The 90-page document provides a chilling account of how CIA health professionals willingly participated in torture. The "Summary and Reflections" of an unnamed chief of CIA Medical Services narrates the decision-making process that led to health professionals signing off on, and participating in, interrogation and detention practices that clearly constituted torture. The document provides a cascade of self-justification and minimization of the risks and harm to detainees.
"While much of the information in this document was already known, the step-by-step internal process it details shows how health professionals continually acceded to the demands of those running the interrogation regime, relied on flawed legal interpretations of torture definitions, and failed to live up to their duty to 'do no harm,'" said Scott Allen, MD, FACP, professor emeritus at University of California Riverside School of Medicine and PHR medical advisor.
The document further describes how certain techniques, such as confinement in a coffin-sized box, forced nakedness, near-hypothermia, prolonged sleep deprivation, and waterboarding were not considered to be torture because they were deemed not to cause "prolonged (mental) harm lasting months or years." It is now clear that these determinations were based on the Office of Legal Counsel's faulty interpretation of torture that elevated physical and mental pain thresholds and the condition of specific intent to cause such pain.
"The document makes the claim that OMS personnel served to protect detainees and ensure safe, legal, and effective interrogations, but provides no evidence that detainees were evaluated appropriately. In fact, it states that psychological assessments did not include the possibility of post-traumatic stress disorder, the most common psychological condition following torture. The document also fails to mention the OMS practice of forced rectal feeding, for which there is no medical indication and which represents a form of sexual assault" said PHR Senior Medical Advisor Vincent Iacopino, MD, PhD.
In addition, the document's conclusion that the interrogation techniques did not cause long-lasting harm has been proven wrong. Some detainees subjected to these torture techniques who are still held in the Guantanamo Bay detention facility remain severely traumatized, according to PHR medical experts who have examined them. Detainees who have been evaluated after their release from Guantanamo, and elsewhere, also continue to show long-lasting harm, as described in reports such as PHR's Broken Laws, Broken Lives.
The document refers to OMS practices being in compliance with American Psychological Association (APA) policies, but fails to acknowledge collusion between the APA, the CIA, and the Department of Defense in establishing those policies.

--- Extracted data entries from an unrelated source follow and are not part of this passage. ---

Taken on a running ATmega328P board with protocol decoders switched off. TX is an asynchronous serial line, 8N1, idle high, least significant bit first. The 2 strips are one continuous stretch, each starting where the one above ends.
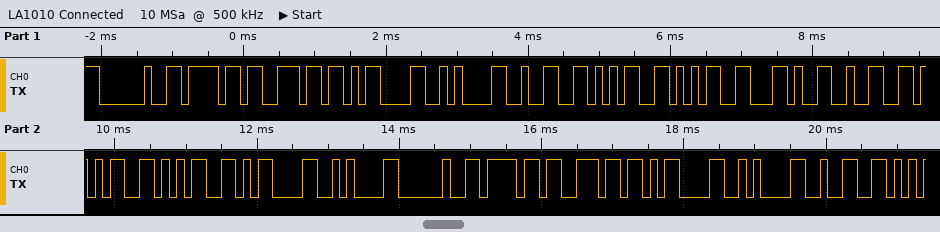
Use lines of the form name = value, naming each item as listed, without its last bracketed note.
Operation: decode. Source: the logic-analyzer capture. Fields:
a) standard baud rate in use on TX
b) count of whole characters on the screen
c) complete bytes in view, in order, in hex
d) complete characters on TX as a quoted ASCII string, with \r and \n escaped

standard baud rate in use on TX = 9600 baud
count of whole characters on the screen = 20
complete bytes in view, in order, in hex = 20 6F 6E 0D 0A 32 35 35 2C 32 35 35 0D 0A 20 6F 6E 0D 0A 32
complete characters on TX as a quoted ASCII string, with \r and \n escaped = " on\r\n255,255\r\n on\r\n2"
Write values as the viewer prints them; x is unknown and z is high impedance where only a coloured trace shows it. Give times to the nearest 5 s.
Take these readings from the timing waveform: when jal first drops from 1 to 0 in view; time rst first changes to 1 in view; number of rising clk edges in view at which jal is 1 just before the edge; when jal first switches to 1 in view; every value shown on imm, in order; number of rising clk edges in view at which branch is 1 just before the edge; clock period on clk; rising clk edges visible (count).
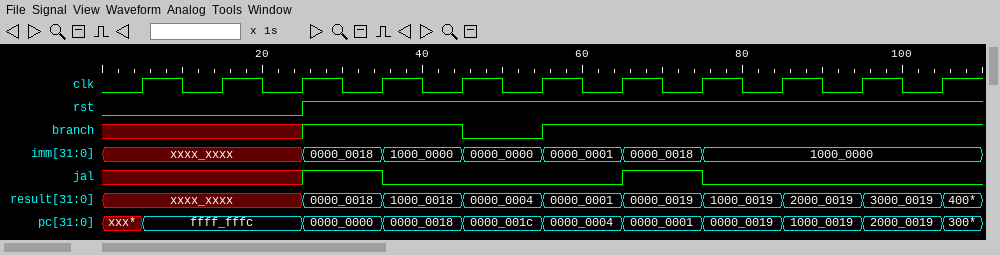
35 s
25 s
2
25 s
xxxx_xxxx, 0000_0018, 1000_0000, 0000_0000, 0000_0001, 0000_0018, 1000_0000
7
10 s
11
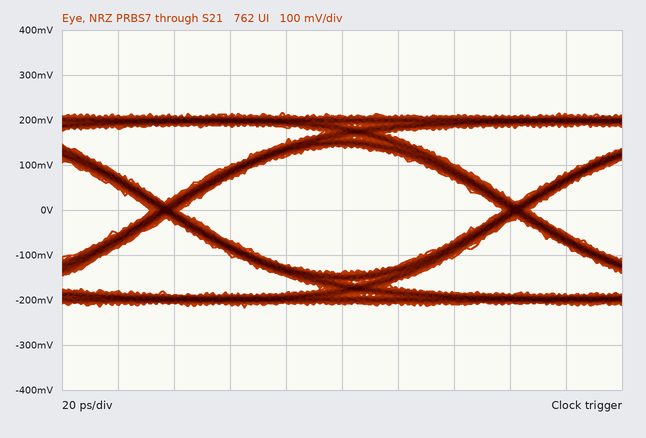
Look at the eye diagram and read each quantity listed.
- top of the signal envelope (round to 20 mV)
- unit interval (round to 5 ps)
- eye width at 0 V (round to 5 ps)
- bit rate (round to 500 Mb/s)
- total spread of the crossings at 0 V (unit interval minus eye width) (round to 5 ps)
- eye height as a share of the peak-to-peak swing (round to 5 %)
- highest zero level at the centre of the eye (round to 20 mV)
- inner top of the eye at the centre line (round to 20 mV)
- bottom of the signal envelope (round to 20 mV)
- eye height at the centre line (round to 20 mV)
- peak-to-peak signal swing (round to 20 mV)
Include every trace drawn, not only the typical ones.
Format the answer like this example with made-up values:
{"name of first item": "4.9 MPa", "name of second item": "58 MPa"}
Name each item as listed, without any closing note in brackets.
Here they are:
{"top of the signal envelope": "220 mV", "unit interval": "125 ps", "eye width at 0 V": "115 ps", "bit rate": "8.0 Gb/s", "total spread of the crossings at 0 V (unit interval minus eye width)": "10 ps", "eye height as a share of the peak-to-peak swing": "65 %", "highest zero level at the centre of the eye": "-140 mV", "inner top of the eye at the centre line": "140 mV", "bottom of the signal envelope": "-220 mV", "eye height at the centre line": "280 mV", "peak-to-peak signal swing": "440 mV"}
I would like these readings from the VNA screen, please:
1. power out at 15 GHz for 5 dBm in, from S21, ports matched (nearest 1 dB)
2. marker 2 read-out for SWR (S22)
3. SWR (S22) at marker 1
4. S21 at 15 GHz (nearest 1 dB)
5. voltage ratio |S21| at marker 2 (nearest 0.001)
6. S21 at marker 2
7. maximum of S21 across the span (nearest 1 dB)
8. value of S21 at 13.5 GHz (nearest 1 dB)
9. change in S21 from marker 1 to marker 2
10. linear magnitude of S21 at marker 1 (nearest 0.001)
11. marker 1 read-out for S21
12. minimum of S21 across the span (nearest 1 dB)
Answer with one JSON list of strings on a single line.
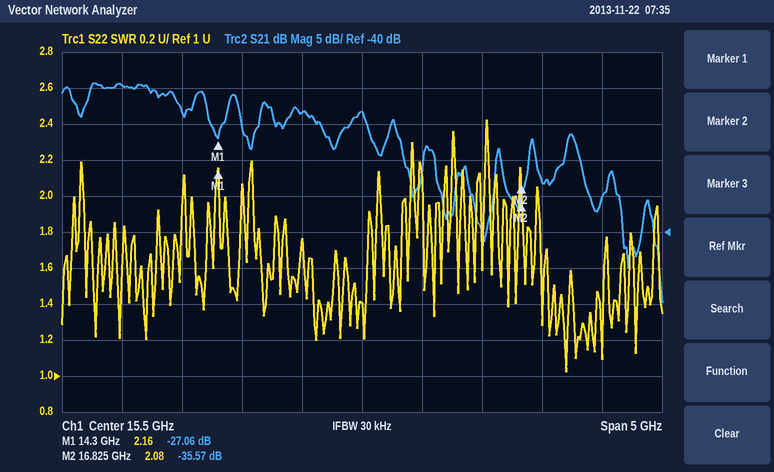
["-18 dBm", "2.08", "2.16", "-23 dB", "0.017", "-35.57 dB", "-19 dB", "-20 dB", "-8.51 dB", "0.044", "-27.06 dB", "-50 dB"]
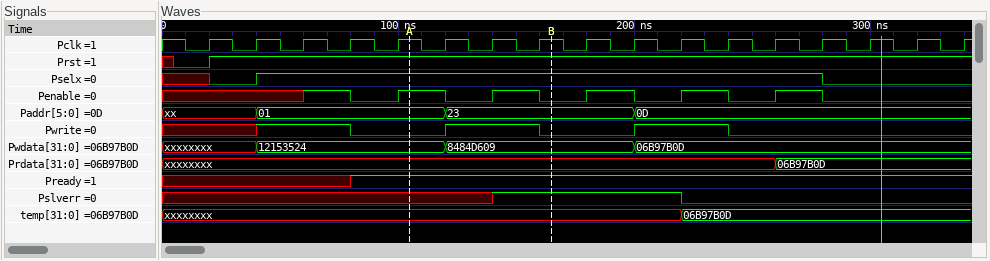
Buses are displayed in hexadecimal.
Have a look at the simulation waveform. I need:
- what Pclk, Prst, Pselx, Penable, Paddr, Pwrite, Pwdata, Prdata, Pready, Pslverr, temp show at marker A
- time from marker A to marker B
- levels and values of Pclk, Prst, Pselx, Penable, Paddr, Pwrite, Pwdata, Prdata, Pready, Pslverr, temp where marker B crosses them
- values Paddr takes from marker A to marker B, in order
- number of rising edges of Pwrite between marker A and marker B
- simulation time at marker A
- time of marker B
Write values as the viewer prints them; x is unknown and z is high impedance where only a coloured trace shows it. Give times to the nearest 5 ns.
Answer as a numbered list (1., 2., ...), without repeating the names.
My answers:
1. Pclk=1, Prst=1, Pselx=1, Penable=1, Paddr=01, Pwrite=0, Pwdata=12153524, Prdata=xxxxxxxx, Pready=1, Pslverr=x, temp=xxxxxxxx
2. 60 ns
3. Pclk=1, Prst=1, Pselx=1, Penable=0, Paddr=23, Pwrite=0, Pwdata=8484D609, Prdata=xxxxxxxx, Pready=1, Pslverr=1, temp=xxxxxxxx
4. 01, 23
5. 1
6. 105 ns
7. 165 ns
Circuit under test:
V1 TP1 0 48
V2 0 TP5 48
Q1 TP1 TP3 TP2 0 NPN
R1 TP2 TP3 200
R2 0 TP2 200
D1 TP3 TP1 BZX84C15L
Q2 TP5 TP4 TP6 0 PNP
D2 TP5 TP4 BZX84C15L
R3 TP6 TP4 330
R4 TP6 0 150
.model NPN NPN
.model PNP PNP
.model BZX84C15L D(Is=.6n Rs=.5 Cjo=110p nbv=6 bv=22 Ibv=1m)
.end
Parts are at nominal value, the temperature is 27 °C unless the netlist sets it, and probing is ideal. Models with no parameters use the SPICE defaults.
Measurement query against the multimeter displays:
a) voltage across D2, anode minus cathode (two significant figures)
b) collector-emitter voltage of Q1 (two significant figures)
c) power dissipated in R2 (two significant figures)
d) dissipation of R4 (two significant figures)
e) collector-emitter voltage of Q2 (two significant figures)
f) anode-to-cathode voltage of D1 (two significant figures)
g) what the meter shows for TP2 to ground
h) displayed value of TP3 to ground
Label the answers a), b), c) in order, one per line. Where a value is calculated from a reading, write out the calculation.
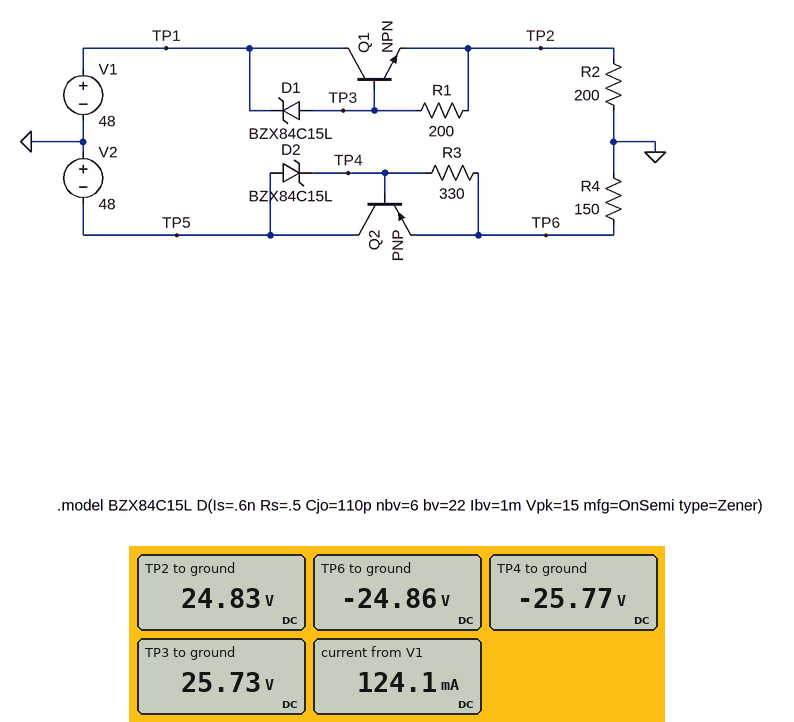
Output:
a) -48 V - (-25.77 V) = -22 V
b) 48 V - 24.83 V = 23 V
c) (24.83 V)^2 / 200 Ω = 3.1 W
d) (0 V - (-24.86 V))^2 / 150 Ω = 4.1 W
e) -48 V - (-24.86 V) = -23 V
f) 25.73 V - 48 V = -22 V
g) 24.83 V
h) 25.73 V
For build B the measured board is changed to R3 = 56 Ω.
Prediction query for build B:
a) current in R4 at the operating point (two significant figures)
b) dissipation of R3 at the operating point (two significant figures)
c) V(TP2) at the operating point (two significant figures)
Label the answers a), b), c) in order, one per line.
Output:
a) 160 mA
b) 15 mW
c) 25 V
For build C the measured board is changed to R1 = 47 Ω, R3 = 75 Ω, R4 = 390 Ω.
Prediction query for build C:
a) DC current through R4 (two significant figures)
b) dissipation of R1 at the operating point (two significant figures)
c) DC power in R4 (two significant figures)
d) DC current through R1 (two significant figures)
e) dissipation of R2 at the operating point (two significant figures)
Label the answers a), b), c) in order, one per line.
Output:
a) 63 mA
b) 17 mW
c) 1.6 W
d) 19 mA
e) 3.0 W
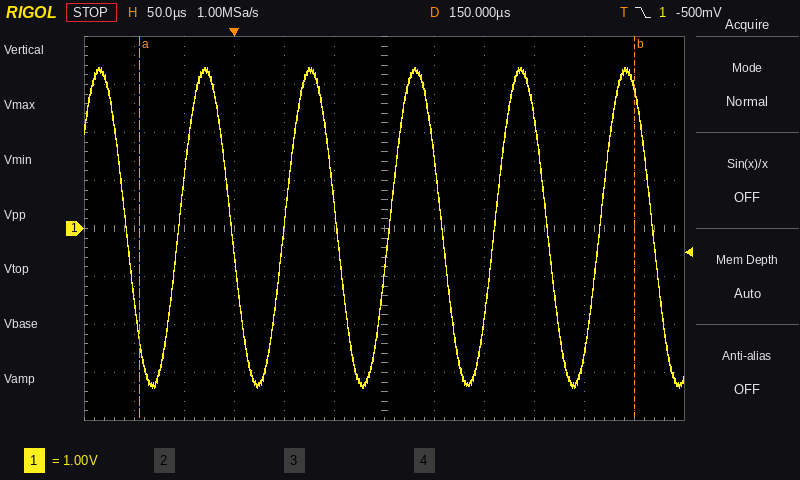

These policies have since been abandoned. The document also attempts to defend against criticism of breaches of medical ethics by indicating that OMS participation was voluntary, that its practices were considered "legal" by the U.S. Department of Justice at the time, and that actionable intelligence was obtained and lives were saved. The author of the document rejects international medical ethical principles of "do no harm" as well as legal prohibitions against participation in torture by asserting that "saving lives" takes priority over respect for human dignity. We have learned since, from a 2014 Senate Select Committee on Intelligence report, that no actionable intelligence was ever obtained using "enhanced interrogation" techniques that could not otherwise have been gathered.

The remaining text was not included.